For a rice cooker or Instant Pot, follow the brand's recommendations. You will usually need less water than when cooking on the stove.
Variations
Purple rice is made differently across cultures, and those differences matter. In Korea and Thailand, it’s a staple with its own traditions. Each one shapes the final texture, depth of color, and how the rice is eaten.
Korean
The Korean version, or heukmi bap, traditionally uses a small amount of sticky (glutinous) black rice with short-grain white rice. The ratio is deliberately modest: too much black and the texture shifts away from the familiar, slightly sticky Korean table rice. The purple is a bonus, not the entire point.
To keep with Korean tradition, rinse the black rice separately from the white rice before combining. Rinsing both together can muddy the color of the white rice before cooking. Then cook it however works best for you; the stove, in a rice cooker, or in a steamer basket.

Thai
The Thai version is an entirely different approach. Not a variation as much as a dish with a unique ritual. It is often made with glutinous black rice soaked for several hours and steamed in a bamboo basket. It's stickier, sweeter, and meant to be eaten on its own or as dessert (think mango sticky rice). While not as popular, you might also see mentions of a long-grain jasmine rice in Thai recipes.

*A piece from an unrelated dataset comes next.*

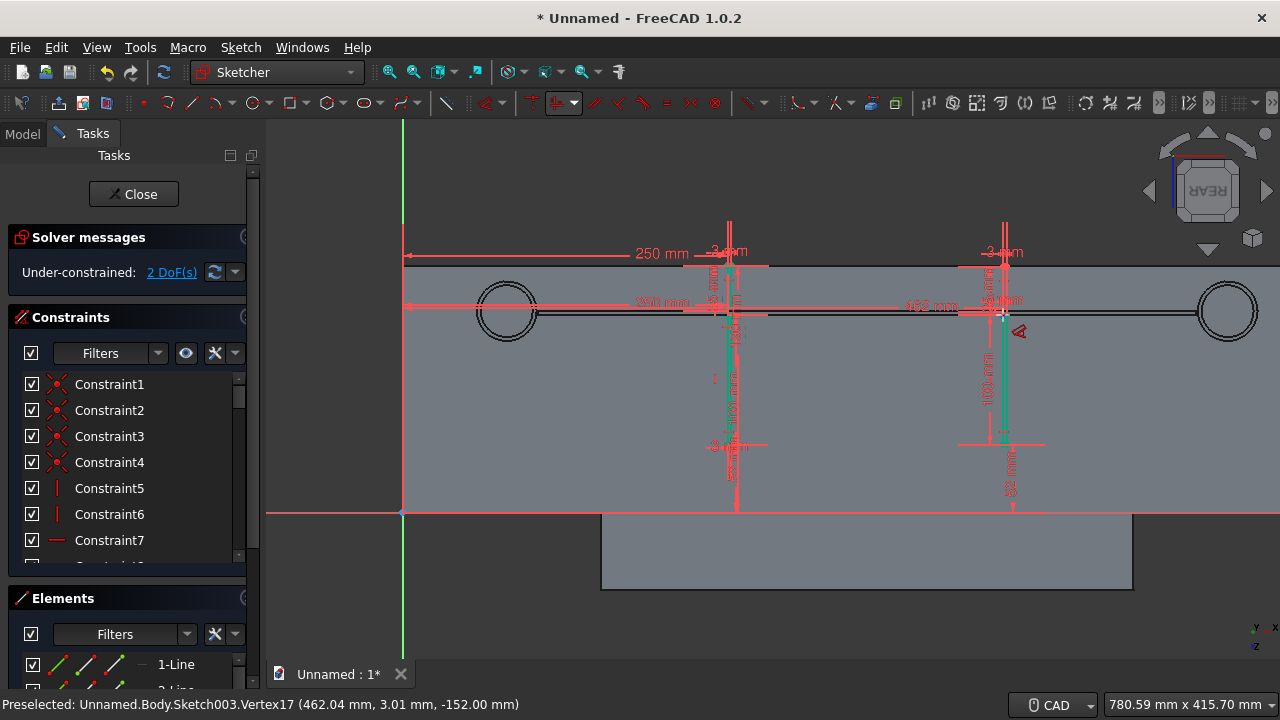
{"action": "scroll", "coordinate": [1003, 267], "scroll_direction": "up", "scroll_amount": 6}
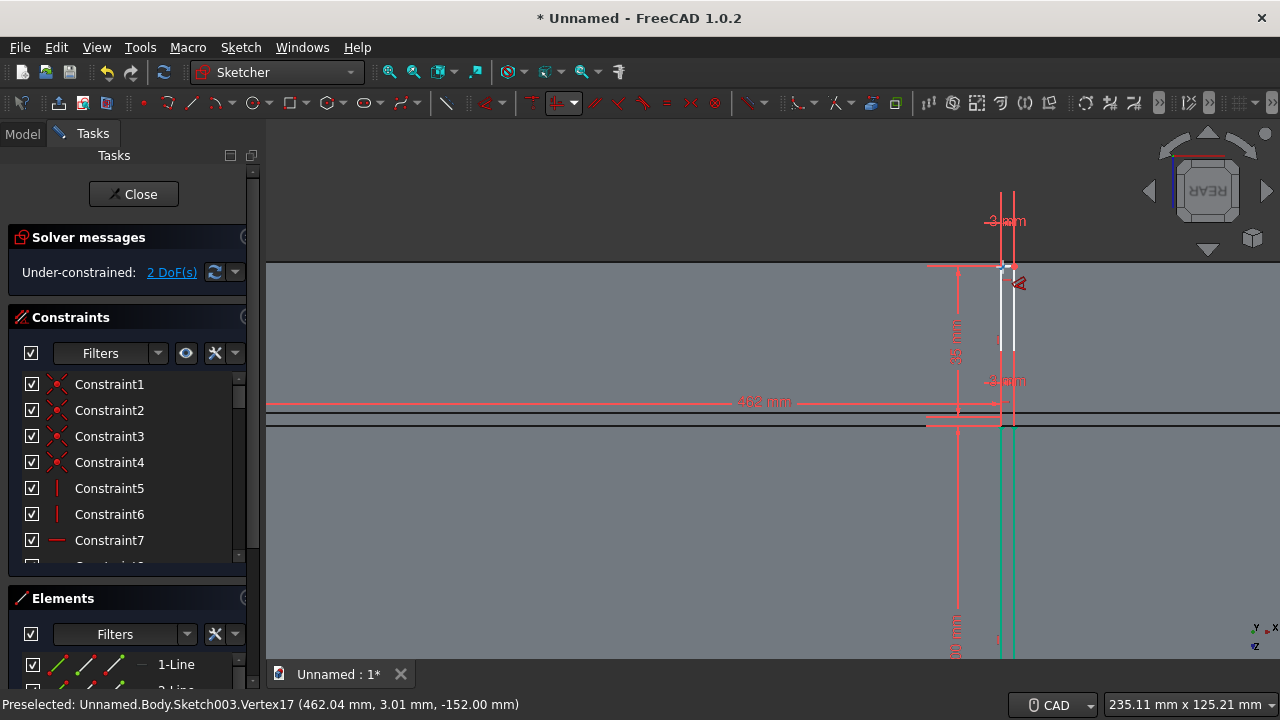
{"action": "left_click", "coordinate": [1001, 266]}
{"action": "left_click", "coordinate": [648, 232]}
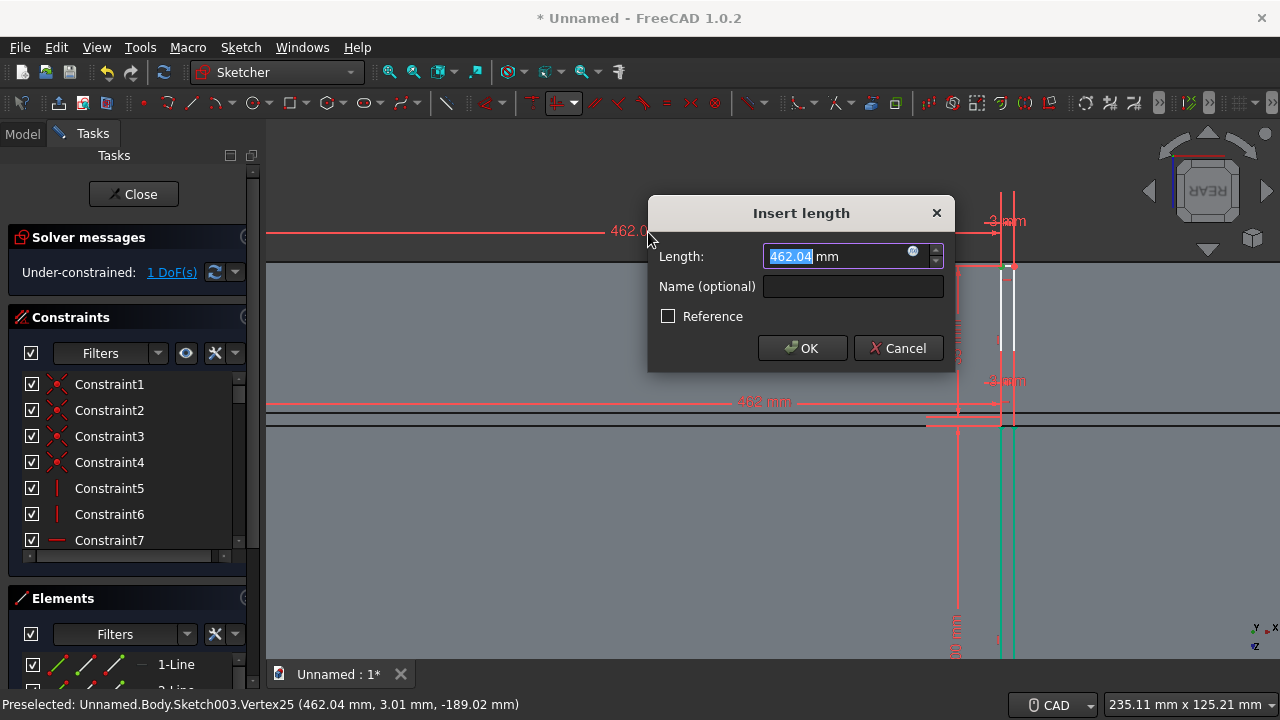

The extended soaking of the Thai recipe allows the dark pigments to infuse the white rice before cooking. Soaking times are generally several hours, up to overnight. After draining, it is quickly steamed in a bamboo basket, which doesn't take long. You can line the bamboo basket with cheesecloth to make the tacky rice easier to remove when done.

Without a bamboo steamer, you can use a mesh strainer or colander. Take care not to let the water reach the bottom of the rice to prevent purple mush. Cover the colander and pot with as tight a seal as possible using a lid or foil.
Chef's Tips
Rinsing and soaking. A tradition in many Eastern cultures, rinsing rice isn't a mindless step. Soaking or running water over rice sloughs away excess starch on the outside of the grains. This keeps them from sticking during cooking and yields a fluffier finished texture.
Resting and fluffing after cooking. If using a rice cooker, the resting step is often built in. But when cooking rice on the stove, let the finished rice sit off the heat for a few minutes after cooking. It allows the texture of the grains to set.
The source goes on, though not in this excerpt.